Additionally, ZIP can be encoded in a number of different ways. Apple has a default "Compress" option in Finder that compresses selected files into a ZIP file, and many Linux desktops offer GUI functionality for creating ZIP files easily as well. It is common to compress to ZIP on Windows using the 7-zip data compression & decompression utility (not to be confused with the 7-zip compression format, though the two are related).

History​

The ZIP format was developed by Phil Katz as an open format with an open specification, where his implementation, PKZIP, was shareware.

A restricted ZIP format exists and is used in other filetypes such as Java .jar archives, a slew of Microsoft Office file formats, Office Document Format files (.odt, .ods, .odp), and EPUB files for e-readers.

In around 1990, Info-ZIP came onto the scene. "Info-ZIP's purpose is to provide free, portable, high-quality versions of the Zip and UnZip compressor-archiver utilities that are compatible with the DOS-based PKZIP by PKWARE, Inc." (https://infozip.sourceforge.net/). They did this successfully, leading to increased adoption of the ZIP format.

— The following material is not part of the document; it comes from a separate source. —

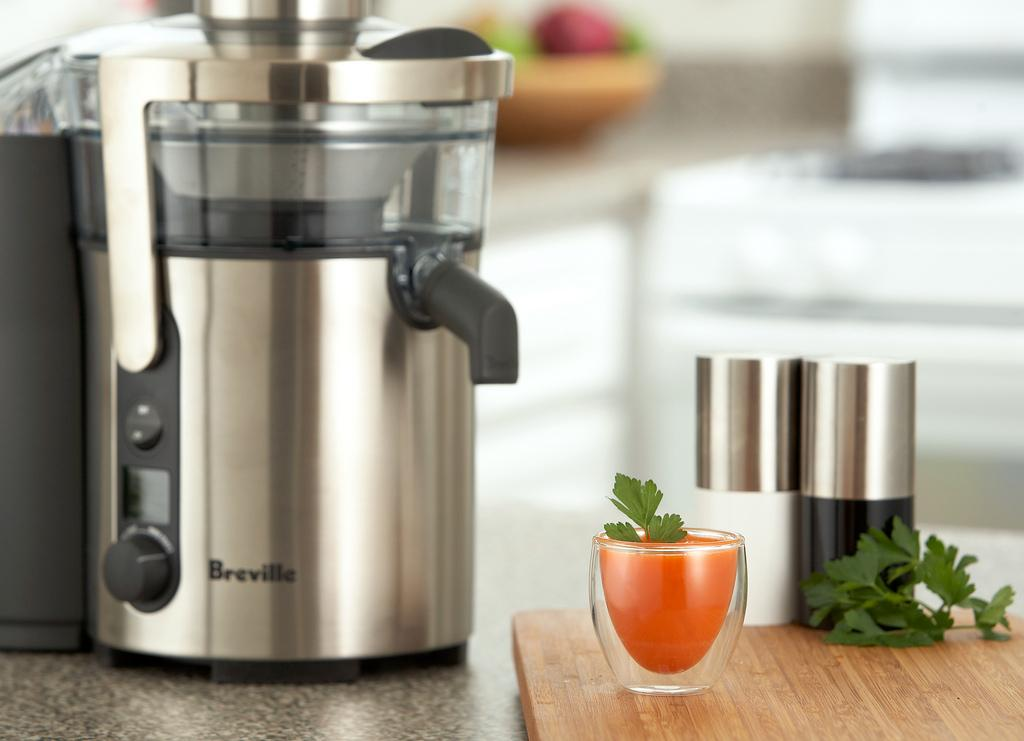<image>
Render a clear and concise summary of the photo. a small electronic device on a counter that says 'breville' on it

In the early 1990s the gzip format was developed, derived from the Deflate code in the Info-ZIP utilities. It was designed to replace the Unix compress utility, which used the (at the time) patented LZW compression algorithm which threatened its free use. Though some specific implementations of Deflate were patented by Phil Katz, the format was not, so a Deflate implementation that did not infringe on any patents was written.

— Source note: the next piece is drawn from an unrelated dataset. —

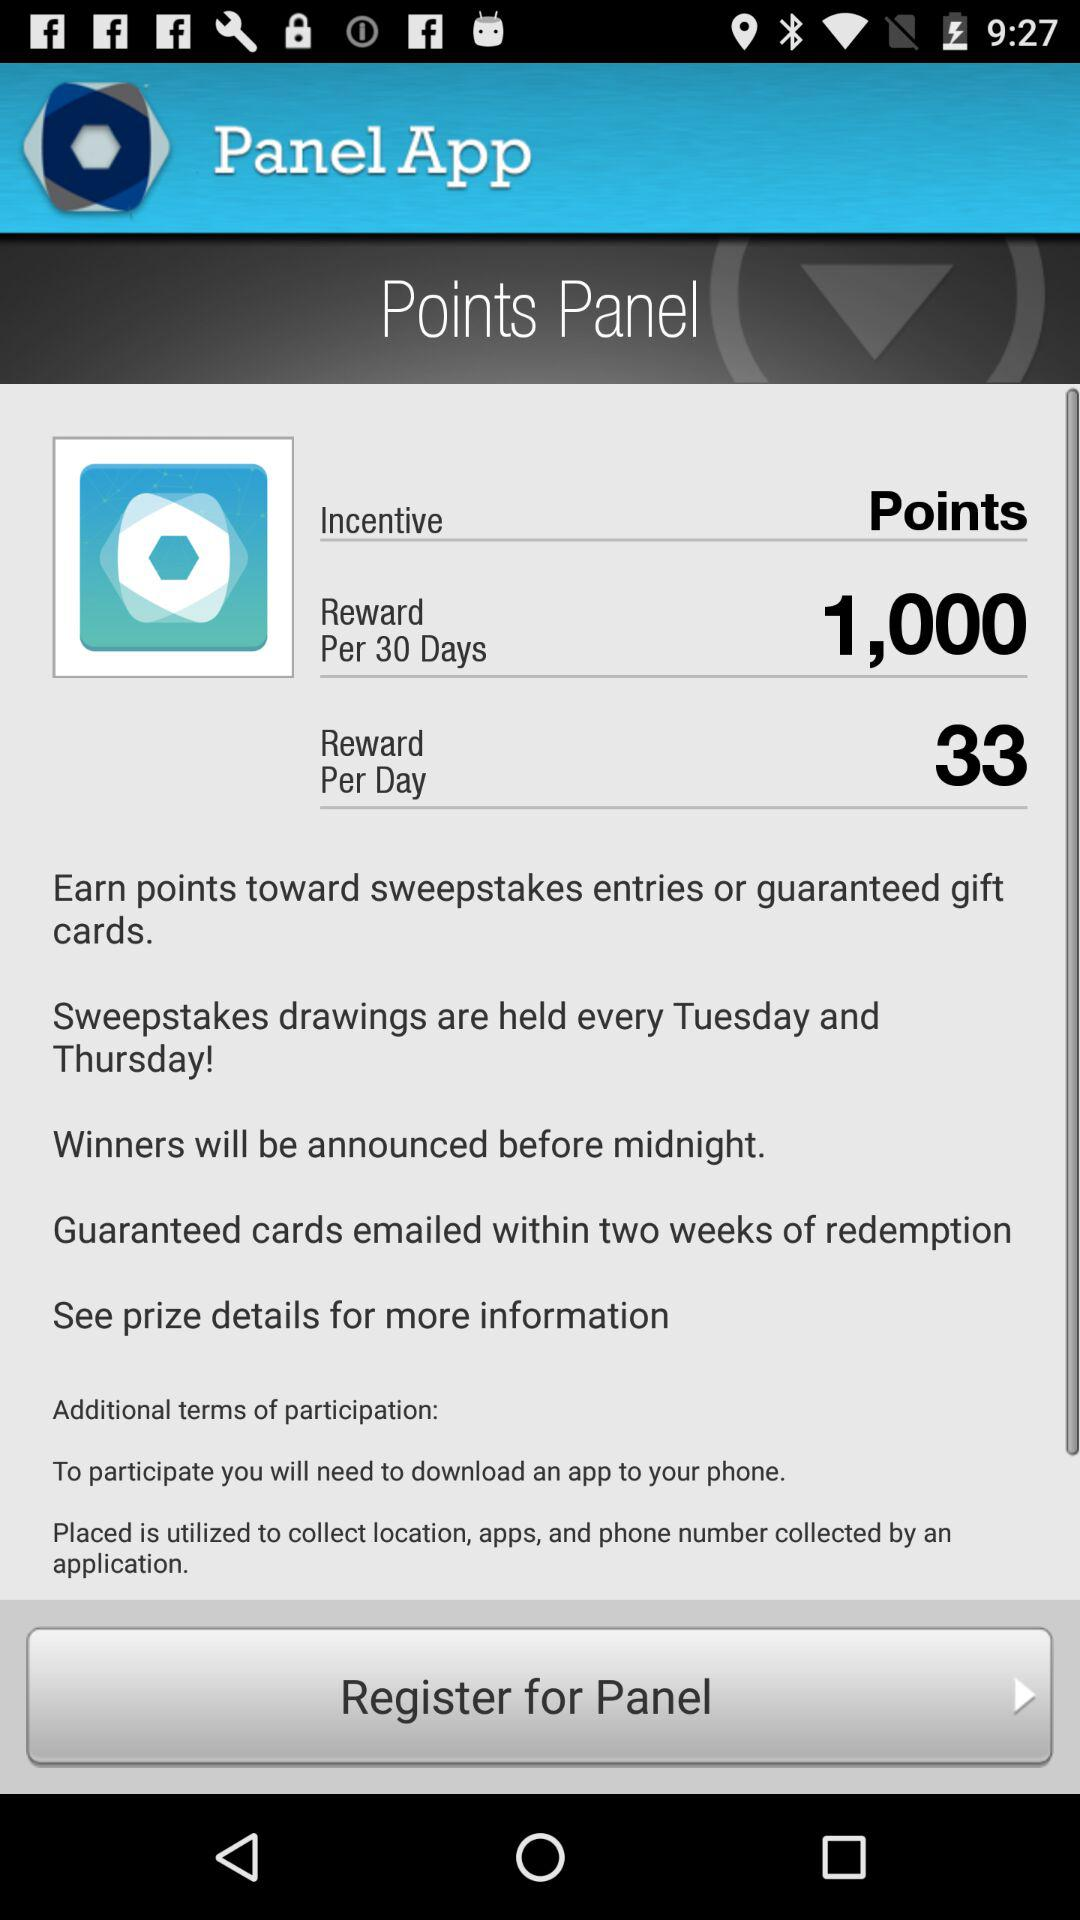How many total rewards per 30 days? The total reward per 30 days is 1,000.

Unlike .tar, .zip has a central directory at the end, which provides a list of the contents. That and the separate compression provides random access to the individual entries in a .zip file. A .tar file would have to be decompressed and scanned from start to end in order to build a directory.

The popular tar utility, which creates an archive of files, has an option to compress directly to the .tar.gz format and is a very popular use caze for gzip. Since the compression of a .tar can take advantage of redundancy across files, ZIP often compresses less effectively than the marriage of tar & gz. .tar.gz is the most common archive format in use on Unix due to its very high portability, but there are better compression methods available. Some of these include XZ, bzip2, brotli, 7-zip, & Zstandard.

In this case, the benefit of ZIP is that because it compresses files separately and builds a central directory at the end of the archive which provides a list of the contents, ZIP provides random access to the individual entries in a .zip file. A .tar file would have to be decompressed and scanned from start to end in order to build a directory.

Encoding​

Linux & macOS​

To encode to a ZIP file most efficiently on Linux or macOS, it is worth using the 7-zip implementation of DEFLATE for ZIP compression. The 7zip website's homepage claims: "For ZIP and GZIP formats, 7-Zip provides a compression ratio that is 2-10 % better than the ratio provided by PKZip and WinZip." You can use the highly flexible 7-zip CLI utility through binaries available on 7-zip's Download page. Here are some direct download links: Linux x86_64 | macOS Universal

Once you've downloaded the utility, remember whether you are choosing to use the 7zz binary or the static 7zzs binary. Commands run using 7zz should run using 7zzs as well, so please replace 7zz in our examples as appropriate if you choose not to use it. Additionally, please copy your choice of binary to your /usr/local/bin if you want to be able to use it everywhere.

  • To encode a ZIP file at the lowest effort setting using one thread:
7zz a -bso0 -tzip -mmt1 -mx1 "Output.zip" "Input"
  • To encode a ZIP file at the highest effort setting using eight threads:
7zz a -bso0 -tzip -mmt8 -mx9 "Output.zip" "Input"

Windows​

To be filled.

Conclusion​

The only real benefit of using ZIP over more modern formats currently is compatibility. It may be viable when compared to 7z & XZ due to a reduction in complexity that improves encode & decode speed, but Zstandard is incredibly performant in both of these areas and generally outperforms ZIP. When it comes to content delivery on the Web, Brotli has been adopted across all modern web browsers and offers a better alternative to older compression technologies used on the Web that resemble ZIP.